Project Summary Dopamine is an important neuromodulator that mediates learning from previous outcomes (“retrospective” learning) by encoding reward prediction errors — the difference between experienced and expected rewards. However, recent work has suggested that dopamine might use the prefrontal cortex to encode more abstract prediction errors, such as errors about the hidden state of a task or environment. The exact circuit mechanisms underlying these abstract hidden-state prediction errors remains unclear. This proposal has two major goals. First, I will characterize dopamine activity related to hidden-state inference in rats performing a task with partially observable states. Second, I will identify the circuit mechanisms that generate dopamine state prediction errors in this task. I will use computational modeling and state-of-the-art genetic and viral tools, including fiber photometry to measure dopamine activity and projection-specific chemogenetic silencing of prefrontal cortex, to address these goals. I will measure dopamine activity both at the level of cell-body calcium dynamics, as well as at the level of axonal release, which can be dissociated. This proposal will describe the multi-regional neural circuits that underlie the acquisition and maintenance of abstract representations of the environment. The results will provide insight into the pathology and treatment of neuropsychiatric disorders, which are characterized by disrupted reward processing. My co-sponsors at New York University (NYU), Dr. Christine Constantinople and Dr. Paul Glimcher, have complimentary experience in behavioral and systems neuroscience experiments in rats, and computational modeling of decision-making, respectively. The training I will receive will allow me to pursue truly integrative research that involves the close interplay between experiments and theory. The strong, collaborative environment at NYU makes it an ideal place for me to pursue these research goals. My training plan provides a detailed strategy for acquiring the necessary skills from a team of co-mentors with extensive, proven expertise in the relevant techniques. Technical training, as well as frequent data presentations, attendance of professional courses, seminars, and conferences, and development of my writing and leadership skills will equip me to complete the proposed research, and transition to a post-doctoral position in my field of interest.
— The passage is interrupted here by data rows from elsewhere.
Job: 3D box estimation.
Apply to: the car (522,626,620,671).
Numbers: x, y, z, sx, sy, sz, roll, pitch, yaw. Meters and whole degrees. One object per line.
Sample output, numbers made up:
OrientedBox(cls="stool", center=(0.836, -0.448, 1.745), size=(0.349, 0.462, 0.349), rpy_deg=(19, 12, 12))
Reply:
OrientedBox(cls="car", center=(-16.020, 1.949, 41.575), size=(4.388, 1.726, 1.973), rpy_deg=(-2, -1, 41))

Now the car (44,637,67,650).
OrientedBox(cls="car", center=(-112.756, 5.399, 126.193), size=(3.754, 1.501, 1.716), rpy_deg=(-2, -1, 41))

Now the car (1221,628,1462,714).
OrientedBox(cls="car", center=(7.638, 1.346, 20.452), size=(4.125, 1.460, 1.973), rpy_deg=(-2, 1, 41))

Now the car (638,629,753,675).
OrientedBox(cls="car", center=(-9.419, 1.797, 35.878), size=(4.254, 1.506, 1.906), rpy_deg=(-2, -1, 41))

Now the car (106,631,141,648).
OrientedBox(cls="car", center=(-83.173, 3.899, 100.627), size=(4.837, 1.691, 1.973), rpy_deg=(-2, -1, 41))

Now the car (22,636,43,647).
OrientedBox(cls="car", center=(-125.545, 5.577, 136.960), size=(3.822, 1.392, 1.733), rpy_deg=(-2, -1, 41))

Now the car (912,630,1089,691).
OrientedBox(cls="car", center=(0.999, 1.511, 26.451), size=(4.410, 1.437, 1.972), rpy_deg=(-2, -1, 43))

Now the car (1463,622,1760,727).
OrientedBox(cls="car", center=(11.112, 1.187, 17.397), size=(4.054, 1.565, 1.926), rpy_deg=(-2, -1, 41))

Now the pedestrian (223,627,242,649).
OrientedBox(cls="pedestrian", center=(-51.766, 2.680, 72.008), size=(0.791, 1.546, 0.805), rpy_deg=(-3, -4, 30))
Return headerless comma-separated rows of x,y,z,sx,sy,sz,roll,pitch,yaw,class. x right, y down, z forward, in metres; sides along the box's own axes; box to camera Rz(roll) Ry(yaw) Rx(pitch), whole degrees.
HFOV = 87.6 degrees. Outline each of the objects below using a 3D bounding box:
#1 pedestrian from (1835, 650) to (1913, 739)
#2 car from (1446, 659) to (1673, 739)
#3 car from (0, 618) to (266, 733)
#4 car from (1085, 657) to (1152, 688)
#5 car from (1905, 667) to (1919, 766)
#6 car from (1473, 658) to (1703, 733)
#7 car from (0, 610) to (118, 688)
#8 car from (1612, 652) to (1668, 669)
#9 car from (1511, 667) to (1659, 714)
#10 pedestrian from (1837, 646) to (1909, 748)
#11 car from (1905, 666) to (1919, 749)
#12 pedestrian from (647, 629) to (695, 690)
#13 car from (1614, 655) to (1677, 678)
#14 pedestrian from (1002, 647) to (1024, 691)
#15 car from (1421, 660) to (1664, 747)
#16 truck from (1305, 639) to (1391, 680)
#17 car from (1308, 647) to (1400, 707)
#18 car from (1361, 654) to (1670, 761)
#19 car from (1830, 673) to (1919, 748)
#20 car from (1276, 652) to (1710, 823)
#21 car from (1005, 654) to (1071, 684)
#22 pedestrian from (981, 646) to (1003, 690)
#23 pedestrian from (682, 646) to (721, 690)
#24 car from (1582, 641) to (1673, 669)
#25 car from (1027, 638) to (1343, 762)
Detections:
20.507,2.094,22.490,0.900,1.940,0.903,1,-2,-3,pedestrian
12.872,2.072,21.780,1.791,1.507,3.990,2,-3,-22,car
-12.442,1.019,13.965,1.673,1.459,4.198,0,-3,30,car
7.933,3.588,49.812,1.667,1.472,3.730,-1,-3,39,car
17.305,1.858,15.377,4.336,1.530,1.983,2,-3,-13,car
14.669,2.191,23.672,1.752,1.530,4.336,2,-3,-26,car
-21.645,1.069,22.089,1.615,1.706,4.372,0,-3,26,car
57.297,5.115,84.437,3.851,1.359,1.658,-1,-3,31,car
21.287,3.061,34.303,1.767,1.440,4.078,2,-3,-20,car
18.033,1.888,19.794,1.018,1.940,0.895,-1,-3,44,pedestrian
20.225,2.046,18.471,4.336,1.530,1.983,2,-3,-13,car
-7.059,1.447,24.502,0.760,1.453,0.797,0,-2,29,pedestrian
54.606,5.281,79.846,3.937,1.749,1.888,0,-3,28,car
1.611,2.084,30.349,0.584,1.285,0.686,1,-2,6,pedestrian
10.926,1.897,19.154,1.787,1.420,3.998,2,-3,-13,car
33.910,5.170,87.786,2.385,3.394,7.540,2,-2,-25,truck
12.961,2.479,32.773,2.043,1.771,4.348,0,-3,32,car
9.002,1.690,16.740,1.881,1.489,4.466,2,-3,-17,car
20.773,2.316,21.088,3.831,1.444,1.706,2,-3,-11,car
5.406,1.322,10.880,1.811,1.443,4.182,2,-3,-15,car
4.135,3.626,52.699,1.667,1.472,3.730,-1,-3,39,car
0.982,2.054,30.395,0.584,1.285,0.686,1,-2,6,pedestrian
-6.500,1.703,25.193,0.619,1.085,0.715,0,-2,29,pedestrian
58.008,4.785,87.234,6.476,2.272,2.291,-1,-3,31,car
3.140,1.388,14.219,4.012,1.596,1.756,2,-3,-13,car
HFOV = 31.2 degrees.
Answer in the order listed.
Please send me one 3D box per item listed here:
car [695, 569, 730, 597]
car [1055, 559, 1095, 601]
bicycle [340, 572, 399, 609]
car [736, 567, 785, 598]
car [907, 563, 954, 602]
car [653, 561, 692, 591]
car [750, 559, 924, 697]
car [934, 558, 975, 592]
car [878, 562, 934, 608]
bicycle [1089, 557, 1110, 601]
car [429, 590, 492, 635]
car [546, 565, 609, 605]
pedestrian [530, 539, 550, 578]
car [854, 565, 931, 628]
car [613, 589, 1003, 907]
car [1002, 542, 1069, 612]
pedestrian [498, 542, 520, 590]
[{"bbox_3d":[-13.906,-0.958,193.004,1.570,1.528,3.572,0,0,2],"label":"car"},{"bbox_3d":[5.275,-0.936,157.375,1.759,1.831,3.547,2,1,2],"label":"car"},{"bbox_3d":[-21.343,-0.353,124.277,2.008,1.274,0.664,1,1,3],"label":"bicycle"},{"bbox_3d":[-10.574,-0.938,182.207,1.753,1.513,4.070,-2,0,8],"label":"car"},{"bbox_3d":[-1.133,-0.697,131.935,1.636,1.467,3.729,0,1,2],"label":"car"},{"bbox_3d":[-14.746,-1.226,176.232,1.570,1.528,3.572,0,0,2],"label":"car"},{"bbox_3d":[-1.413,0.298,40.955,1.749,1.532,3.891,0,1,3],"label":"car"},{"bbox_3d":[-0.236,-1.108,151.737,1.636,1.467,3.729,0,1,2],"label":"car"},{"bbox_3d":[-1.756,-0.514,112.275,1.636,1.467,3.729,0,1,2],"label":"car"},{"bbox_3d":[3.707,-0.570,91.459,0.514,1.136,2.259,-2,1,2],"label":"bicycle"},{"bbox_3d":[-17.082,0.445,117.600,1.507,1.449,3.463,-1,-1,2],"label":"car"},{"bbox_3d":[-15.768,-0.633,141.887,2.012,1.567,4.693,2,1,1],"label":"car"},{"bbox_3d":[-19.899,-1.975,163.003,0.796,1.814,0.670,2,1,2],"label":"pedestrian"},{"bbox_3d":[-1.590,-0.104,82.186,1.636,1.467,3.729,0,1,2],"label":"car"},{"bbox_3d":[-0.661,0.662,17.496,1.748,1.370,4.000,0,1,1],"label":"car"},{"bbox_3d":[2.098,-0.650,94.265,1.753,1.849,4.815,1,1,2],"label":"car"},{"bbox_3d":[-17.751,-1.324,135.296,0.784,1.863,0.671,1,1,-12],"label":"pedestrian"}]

项目摘要 多巴胺是一种重要的神经调质，介导从先前结果中学习（“回顾性”） 学习）通过编码奖励预测错误-经验和预期奖励之间的差异。 然而，最近的研究表明，多巴胺可能使用前额叶皮层编码更抽象的信息， 预测错误，例如关于任务或环境的隐藏状态的错误。确切的电路机制 这些抽象的隐藏状态预测错误的基础仍然不清楚。这项建议有两个主要目标。 首先，我将描述与隐藏状态推理相关的多巴胺活动，在大鼠执行一项任务时， 可观察的国家其次，我将确定产生多巴胺状态预测错误的电路机制 在这项任务中。我将使用计算机建模和最先进的遗传和病毒工具，包括纤维 光度法来测量多巴胺活性和前额皮质的投射特异性化学基因沉默， 实现这些目标。我将在细胞体钙动力学水平上测量多巴胺活性， 在轴突释放的水平上，它可以被分离。该建议将描述多区域神经 这些回路是获取和维护环境抽象表征的基础。结果 将提供深入了解神经精神疾病的病理学和治疗，其特征在于 扰乱了奖励流程 我在纽约大学（NYU）的共同赞助人，克莉丝汀·君士坦丁堡博士和保罗·格里姆彻博士， 在大鼠行为和系统神经科学实验中的免费经验，以及计算 决策模型，分别。我将接受的培训将使我能够追求真正的融合 实验与理论密切相关的研究。强大的，协作的 纽约大学的环境使它成为我追求这些研究目标的理想场所。我的培训计划提供了一个 从具有广泛、成熟专业知识的共同导师团队获得必要技能的详细策略 在相关技术中。技术培训，以及频繁的数据演示，专业人员的出席 课程，研讨会和会议，以及我的写作和领导技能的发展将使我能够 完成研究计划，并在我感兴趣的领域过渡到博士后职位。